Available data: Begin

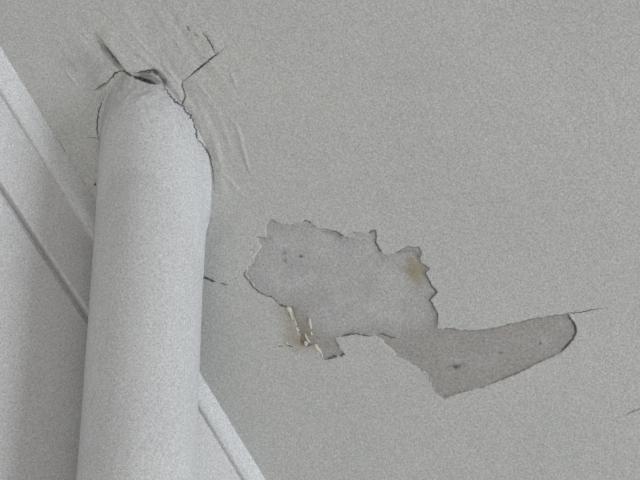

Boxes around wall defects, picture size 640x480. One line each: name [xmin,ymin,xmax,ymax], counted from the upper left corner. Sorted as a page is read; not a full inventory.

crack [96,46,131,148]
crack [164,26,218,187]
peeling [244,220,577,399]
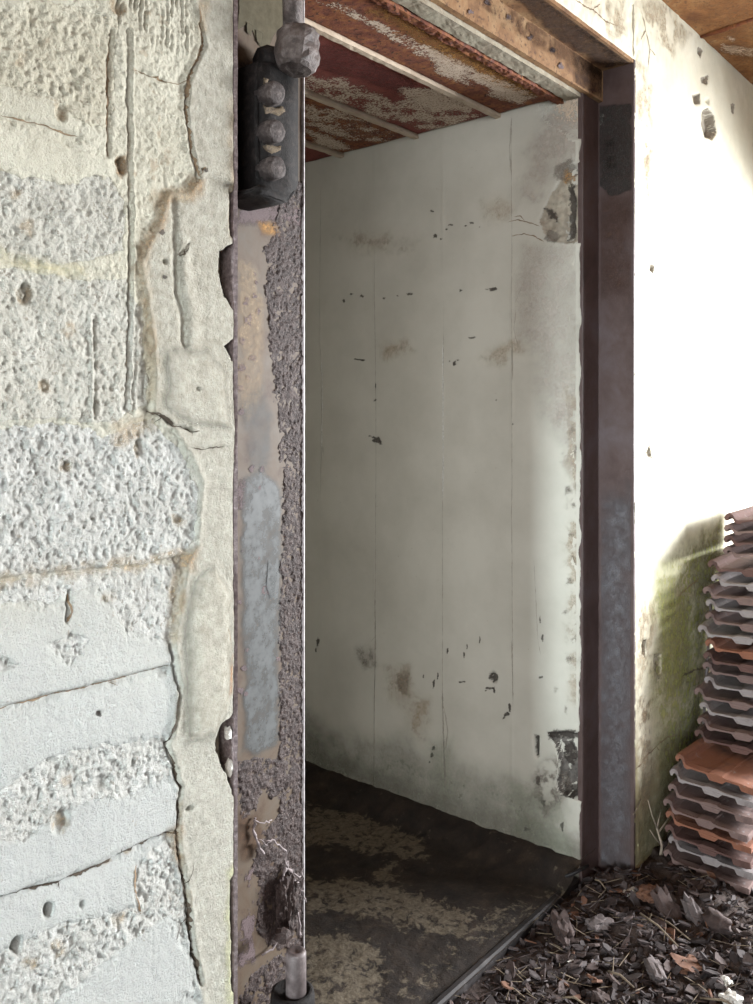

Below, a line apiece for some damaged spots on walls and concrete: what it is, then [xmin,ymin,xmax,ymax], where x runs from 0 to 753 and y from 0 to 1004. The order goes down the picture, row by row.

crack [135,5,207,176]
corrosion [318,46,415,91]
corrosion [372,10,536,96]
corrosion [484,0,629,94]
spalling [692,75,716,140]
corrosion [238,203,302,234]
spalling [540,159,578,244]
spalling [548,730,578,799]
crack [2,693,200,984]
corrosion [238,817,264,967]
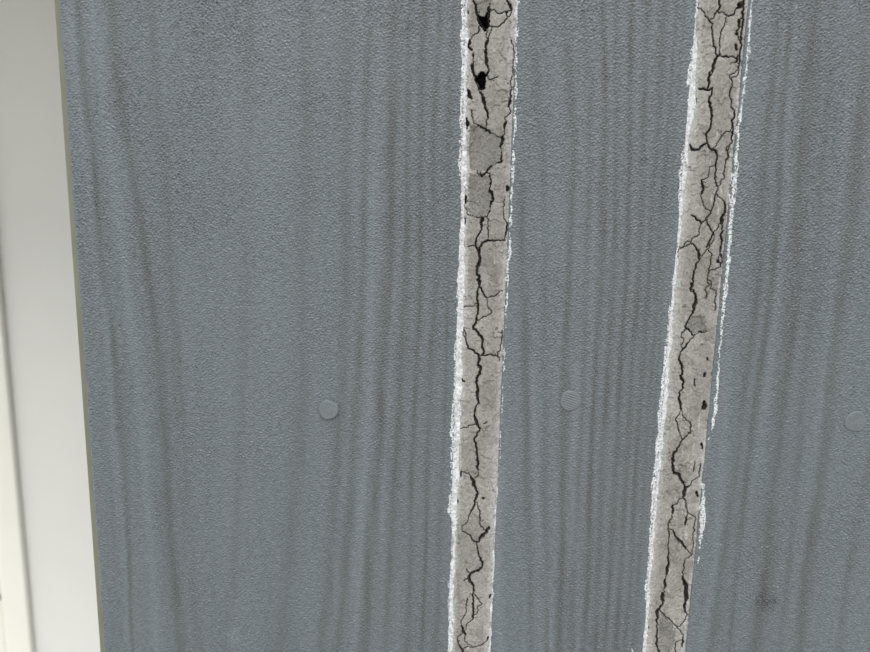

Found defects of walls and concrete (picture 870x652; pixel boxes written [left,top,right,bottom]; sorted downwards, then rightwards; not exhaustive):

spalling [468,0,490,16]
peeling [735,0,753,81]
spalling [464,40,518,316]
crack [457,0,515,652]
crack [668,0,739,558]
peeling [694,330,723,449]
peeling [693,464,706,564]
crack [656,587,684,652]
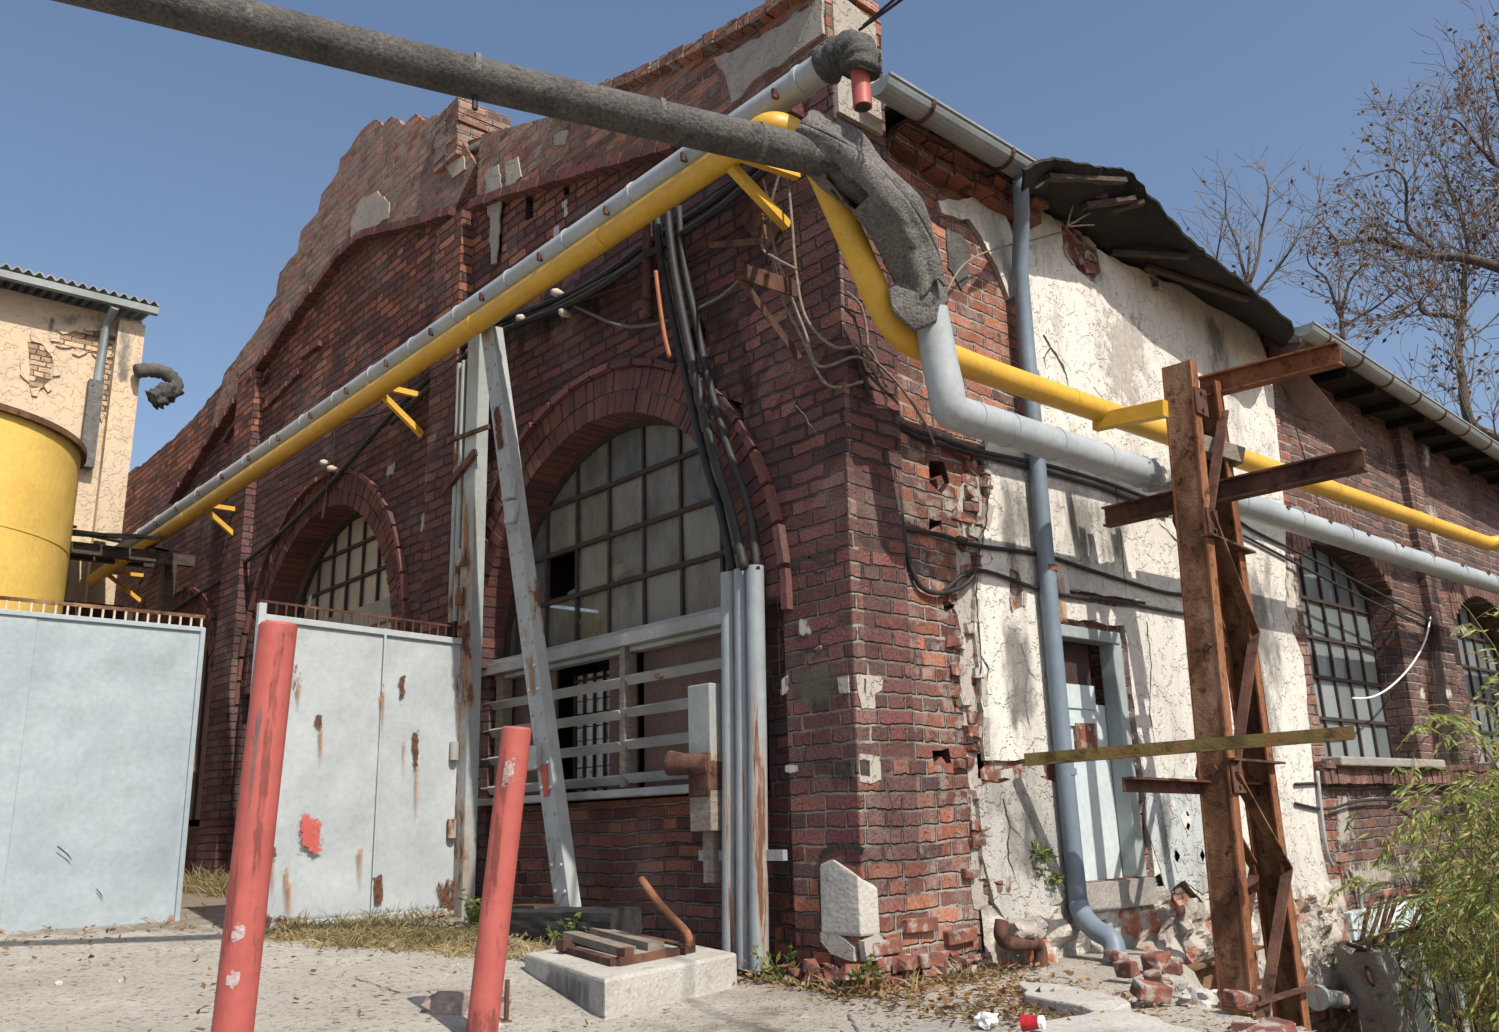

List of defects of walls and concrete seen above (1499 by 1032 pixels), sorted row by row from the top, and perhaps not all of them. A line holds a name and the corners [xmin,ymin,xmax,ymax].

flaking render [1061,221,1102,283]
corrosion [380,675,406,711]
corrosion [453,620,472,723]
spalling [929,440,1056,911]
corrosion [315,714,323,747]
corrosion [403,731,419,792]
corrosion [265,847,296,928]
corrosion [372,874,383,903]

Available data: End

**Requirement**
An exact reproduction of the data is needed, with no pictures included.

**Solution to this task**
Boxes around wall defects, picture size 640x480. One line each: name [xmin,ymin,xmax,ymax], counted from the upper left corner. Sorted as a page is read; not a full inventory.

crack [96,46,131,148]
crack [164,26,218,187]
peeling [244,220,577,399]

Below, a line apiece for some damaged spots on walls and concrete: what it is, then [xmin,ymin,xmax,ymax], where x runs from 0 to 753 and y from 0 to 1004. The order goes down the picture, row by row.

crack [135,5,207,176]
corrosion [318,46,415,91]
corrosion [372,10,536,96]
corrosion [484,0,629,94]
spalling [692,75,716,140]
corrosion [238,203,302,234]
spalling [540,159,578,244]
spalling [548,730,578,799]
crack [2,693,200,984]
corrosion [238,817,264,967]

Found defects of walls and concrete (picture 870x652; pixel boxes written [left,top,right,bottom]; sorted downwards, then rightwards; not exhaustive):

spalling [468,0,490,16]
peeling [735,0,753,81]
spalling [464,40,518,316]
crack [457,0,515,652]
crack [668,0,739,558]
peeling [694,330,723,449]
peeling [693,464,706,564]
crack [656,587,684,652]

List of defects of walls and concrete seen above (1499 by 1032 pixels), sorted row by row from the top, and perhaps not all of them. A line holds a name and the corners [xmin,ymin,xmax,ymax].

flaking render [1061,221,1102,283]
corrosion [380,675,406,711]
corrosion [453,620,472,723]
spalling [929,440,1056,911]
corrosion [315,714,323,747]
corrosion [403,731,419,792]
corrosion [265,847,296,928]
corrosion [372,874,383,903]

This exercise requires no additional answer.